Just recently I visited a productive lake which I have fished three times now in close succession. Normally I would be drifting it with my mate and regular boat partner Mike, I have to take him as he owns half of the boat and will cough up for some of the petrol, but this time around he was tied up with work projects and unable, at the last minute, to make it.

Missed you Mike.

So I set off alone a two and a half hour drive arriving at the water in the pre-dawn, air temperature 3°C and set about pumping up the boat and sorting out the gear. Launching was only moderately more challenging than with two people and I was afloat and heading for the first drift within forty minutes or so.

My view and Mike’s view of boat fishing a lake is that one should first drift to find the fish, the wind was variable with some calm spells and it took a long while to locate even one fish. That taken on a hare’s ear nymph dragged behind the boat whilst changing position so it didn’t really count.

By lunch I had only that one fish despite flailing madly, changing lines from Di5 up to slow intermediate and back.  It is times like this that you get to truly value the benefits of a good boat partner and I am already realising that I shall have to apologise about the jibe in respect of owning half the boat.

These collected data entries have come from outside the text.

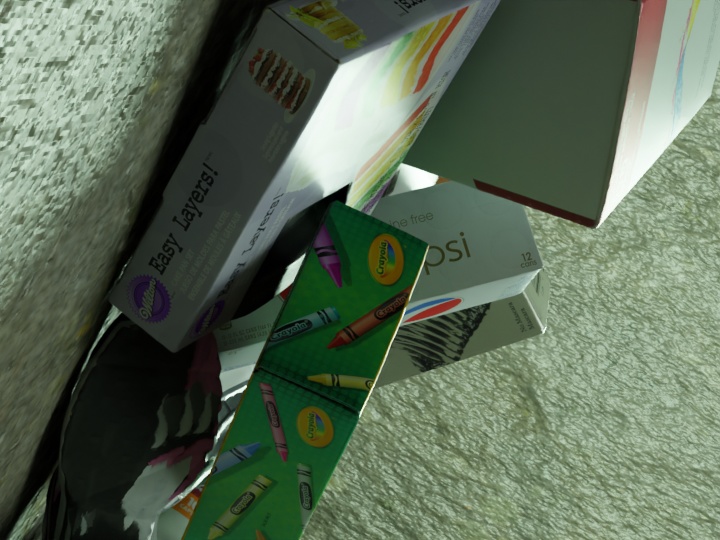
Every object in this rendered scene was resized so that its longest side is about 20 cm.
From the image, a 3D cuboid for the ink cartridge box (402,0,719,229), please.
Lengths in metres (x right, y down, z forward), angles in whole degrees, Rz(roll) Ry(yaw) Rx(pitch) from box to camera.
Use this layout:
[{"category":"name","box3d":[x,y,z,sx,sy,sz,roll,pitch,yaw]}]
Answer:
[{"category":"ink cartridge box","box3d":[0.119,-0.145,1.185,0.200,0.145,0.145,-43,147,-51]}]

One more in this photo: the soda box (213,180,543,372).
[{"category":"soda box","box3d":[0.000,0.000,1.216,0.064,0.200,0.068,119,-45,-73]}]

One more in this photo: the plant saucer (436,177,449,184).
[{"category":"plant saucer","box3d":[-0.002,-0.050,1.474,0.200,0.037,0.200,-39,-139,46]}]

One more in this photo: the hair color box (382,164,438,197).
[{"category":"hair color box","box3d":[0.003,-0.092,1.262,0.111,0.064,0.200,-65,165,3]}]

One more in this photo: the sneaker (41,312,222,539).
[{"category":"sneaker","box3d":[-0.136,0.103,1.100,0.200,0.080,0.086,-70,-156,15]}]

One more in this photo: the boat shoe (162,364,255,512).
[{"category":"boat shoe","box3d":[-0.100,0.096,1.245,0.200,0.072,0.068,-44,119,-73]}]

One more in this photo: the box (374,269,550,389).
[{"category":"box","box3d":[0.019,0.025,1.368,0.200,0.082,0.068,-21,-154,20]}]

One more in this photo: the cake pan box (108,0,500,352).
[{"category":"cake pan box","box3d":[-0.026,-0.064,1.043,0.184,0.052,0.200,-28,155,-55]}]

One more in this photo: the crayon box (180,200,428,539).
[{"category":"crayon box","box3d":[-0.033,0.073,1.084,0.200,0.058,0.119,115,-2,-50]}]

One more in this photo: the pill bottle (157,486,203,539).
[{"category":"pill bottle","box3d":[-0.114,0.153,1.328,0.113,0.113,0.200,-65,177,27]}]

With two of you fishing, different sink rate lines, different flies and covering twice as much water is should be easier to find a concentration of fish, indeed I would suggest logarithmically easier. On my own I hadn’t found more than that odd one.

Then I hooked another fish trolling the line behind me as I moved, it really isn’t cricket to catch fish like this and again to my way of thinking it didn’t really count , but at least I figured that the fish perhaps wanted something moving faster, or shallower or both.

I then hooked yet another trout whilst on the move, why would a trout attack an orange blob fly moving at 15 Kms an hour? It didn’t make sense and finally with a very rapid retrieve I hooked and landed my first “legitimate fish”, a hen that poured roe all over me and the boat when I landed her.

This now raises yet another question, you see many of the fish we have taken in the past week or two have been bright silver, rounder in aspect and more salmon like, showing none of the expected colouration and gravidity that might normally be seen in the early winter months. I strongly suspect that those silver fish are indeed triploids, part of a stocking years back who are now unaffected by spawning urges.

I landed a few more fish on either orange blob flies or red and green boobies which are in fact a pretty fair imitation of a dragonfly nymph when retrieved at speed., but in all honesty I never quite got with the program. I didn’t have any working hypothesis as to why I caught when I did or failed when I didn’t.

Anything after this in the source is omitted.